After taking apart the waterfall and a good bit of the rock wall surrounding the bucket (needed to do that to get the bucket out), I added sand and gravel to the bit of ground that the bucket sits on to help get it level. I also had to redo the waterfall to accommodate a new, low drain pipe. Pictured below are all three drain pipes (looking down). The top one is not necessary, but that was where the old drainage was, and I already had a hole, so I figured it wouldn't hurt to put an emergency drainage pipe there just to plug the hole. Also, all of my pipe is 1.5" pipe, but I added in a 2" pipe (PVC white in the photo) to ensure that the darn bucket wouldn't overflow ever again, even if it went off-kilter.
So, after the fish-safe, aquarium epoxy set for 24 hours, I filled up the bucket to test for leaks and see how things looked. Everything seemed to be working well, so I added the gravel back. After the gravel went back in, the water level wouldn't get any higher than the top of the bottom drain pipe!
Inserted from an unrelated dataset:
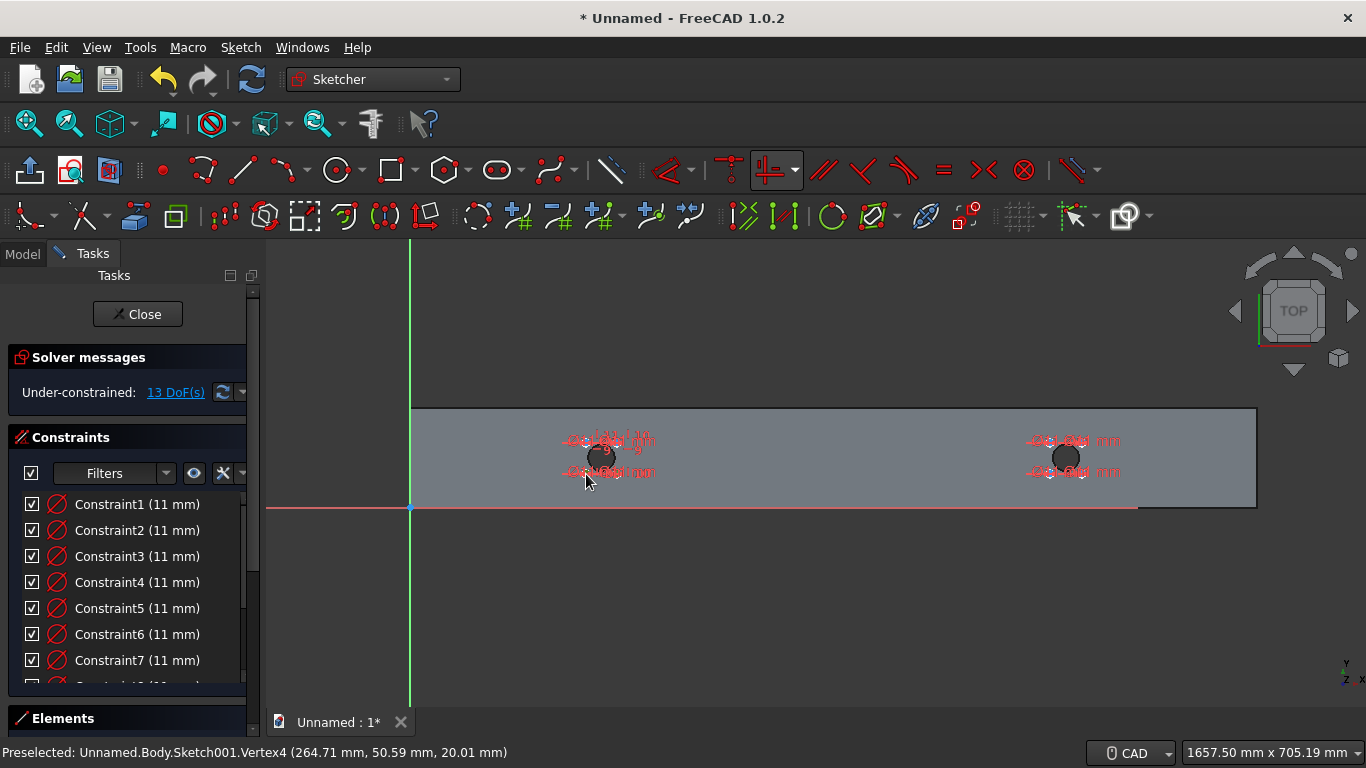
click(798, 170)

WHAT?! Before, it was overflowing - that was the whole point of this exercise - if I add in more drainage, then it won't overflow. But now, all of a sudden, it didn't need it! Frustrating. The waterfall is supposed to have water flowing down it!
So, after much pondering, I took a hose clamp and tightened it down on the end of the outflow pictured above. It got pretty tight, but it definitely worked, and the water level came up high enough to start to flow out the PVC tube and then down the waterfall! Sure, most of the flow comes out of the bottom pipe, but there's good water coming down from above, and it all blends in nicely. The sound is stronger than ever, and the fish really seem to like it.
With the water flowing well, I added the wetland plants back in, and the project was finished!